10054,A set of images is being shared on Facebook wi...,FAKE
10055,Barely 48 hours ahead of voting in the assembl...,FAKE
10057,A quote by an impostor Facebook page of Financ...,FAKE
10061,The Bengaluru City Police’s official Twitter h...,FAKE


In [80]:
combined_df['label'].value_counts()

label
FAKE    5035
REAL    5021
Name: count, dtype: int64

In [81]:
X = combined_df.drop('label',axis=1)
y = combined_df['label']

In [82]:
from sklearn.model_selection import train_test_split
X_train,X_test,y_train,y_test = train_test_split(X,y,test_size=0.2,random_state=42)

In [85]:
X_train = X_train["text"].tolist()  # Replace "text" with the actual column name

In [87]:
import re
import nltk
import numpy as np
import pandas as pd
from nltk.corpus import stopwords
from tensorflow.keras.preprocessing.text import Tokenizer
from tensorflow.keras.preprocessing.sequence import pad_sequences

# Ensure NLTK stopwords are downloaded
nltk.download('stopwords')
stop_words = set(stopwords.words('english'))

def clean_text(text):
    """Preprocess text by removing special characters, converting to lowercase, and removing stopwords."""
    if not isinstance(text, str):  
        return ""  
    
    text = re.sub(r'\W', ' ', text).lower()
    tokens = text.split()
    tokens = [word for word in tokens if word not in stop_words]
    return ' '.join(tokens)

# ✅ Ensure X_train and X_test are extracted correctly
if isinstance(X_train, pd.DataFrame):  
    X_train = X_train["text"].tolist()  # Extract text column only if it's a DataFrame
if isinstance(X_test, pd.DataFrame):
    X_test = X_test["text"].tolist()

print(f"✅ Number of training samples: {len(X_train)}")
print(f"✅ Number of testing samples: {len(X_test)}")
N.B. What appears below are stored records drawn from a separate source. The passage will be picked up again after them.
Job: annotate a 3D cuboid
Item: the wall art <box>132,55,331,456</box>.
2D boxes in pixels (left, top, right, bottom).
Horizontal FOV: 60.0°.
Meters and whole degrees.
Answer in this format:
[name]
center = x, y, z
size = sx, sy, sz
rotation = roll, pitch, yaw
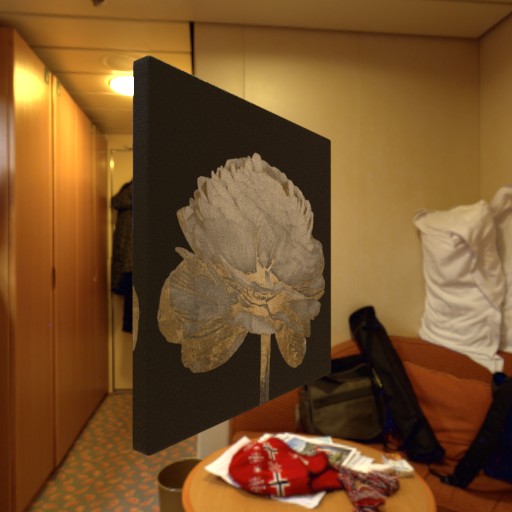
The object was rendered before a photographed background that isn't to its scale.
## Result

# 1. Clean the training texts
X_train_clean = [clean_text(text) for text in X_train]
X_test_clean = [clean_text(text) for text in X_test]

# 2. Tokenizer
vocab_size = 9000
tokenizer = Tokenizer(num_words=vocab_size, oov_token="<OOV>")
tokenizer.fit_on_texts(X_train_clean)

# 3. Convert text to sequences
X_train_sequences = tokenizer.texts_to_sequences(X_train_clean)
X_test_sequences = tokenizer.texts_to_sequences(X_test_clean)

# 4. Pad sequences
max_sequence_length = 500
X_train_padded = pad_sequences(X_train_sequences, maxlen=max_sequence_length, padding='post')
X_test_padded = pad_sequences(X_test_sequences, maxlen=max_sequence_length, padding='post')

# Final check
print("✅ NLP processing complete.")
print("Shape of processed X_train:", X_train_padded.shape)  # Expected: (num_samples, 500)
print("Shape of processed X_test:", X_test_padded.shape)    # Expected: (num_samples, 500)
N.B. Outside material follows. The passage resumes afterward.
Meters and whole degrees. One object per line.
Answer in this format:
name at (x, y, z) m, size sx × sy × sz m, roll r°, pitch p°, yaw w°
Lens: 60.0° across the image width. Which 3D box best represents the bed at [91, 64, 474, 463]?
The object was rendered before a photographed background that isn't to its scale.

[nltk_data] Downloading package stopwords to
[nltk_data]     C:\Users\bhati\AppData\Roaming\nltk_data...
[nltk_data]   Package stopwords is already up-to-date!
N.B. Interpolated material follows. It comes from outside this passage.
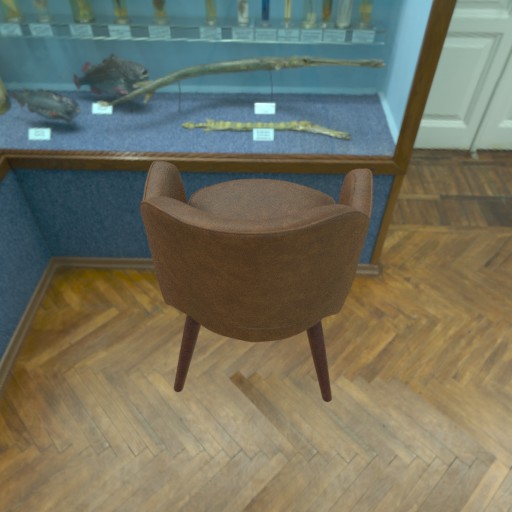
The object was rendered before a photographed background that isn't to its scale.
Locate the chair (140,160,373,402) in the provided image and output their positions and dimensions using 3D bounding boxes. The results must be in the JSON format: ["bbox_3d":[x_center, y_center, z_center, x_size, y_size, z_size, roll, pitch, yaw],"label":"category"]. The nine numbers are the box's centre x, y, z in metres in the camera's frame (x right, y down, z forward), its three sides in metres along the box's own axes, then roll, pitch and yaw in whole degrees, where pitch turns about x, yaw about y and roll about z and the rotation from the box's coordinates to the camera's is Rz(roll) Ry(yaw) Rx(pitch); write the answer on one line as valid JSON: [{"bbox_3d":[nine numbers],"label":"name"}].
[{"bbox_3d":[0.000,0.000,1.192,0.591,0.777,0.640,3,47,3],"label":"chair"}]

✅ Number of training samples: 8044
✅ Number of testing samples: 2012
✅ NLP processing complete.
Shape of processed X_train: (8044, 500)
Shape of processed X_test: (2012, 500)


In [90]:
import pickle
import os

# Define paths
model_dir = "ML/models"
os.makedirs(model_dir, exist_ok=True)  # Ensure the directory exists

# Save preprocessed training & testing data
with open(os.path.join(model_dir, "X_train_padded.pkl"), "wb") as f:
    pickle.dump(X_train_padded, f)

with open(os.path.join(model_dir, "X_test_padded.pkl"), "wb") as f:
    pickle.dump(X_test_padded, f)

with open(os.path.join(model_dir, "y_train.pkl"), "wb") as f:
    pickle.dump(y_train, f)

with open(os.path.join(model_dir, "y_test.pkl"), "wb") as f:
    pickle.dump(y_test, f)

# Save the tokenizer
with open(os.path.join(model_dir, "tokenizer.pkl"), "wb") as f:
    pickle.dump(tokenizer, f)

print(f"✅ Processed data and tokenizer saved in '{model_dir}' directory successfully!")


✅ Processed data and tokenizer saved in 'ML/models' directory successfully!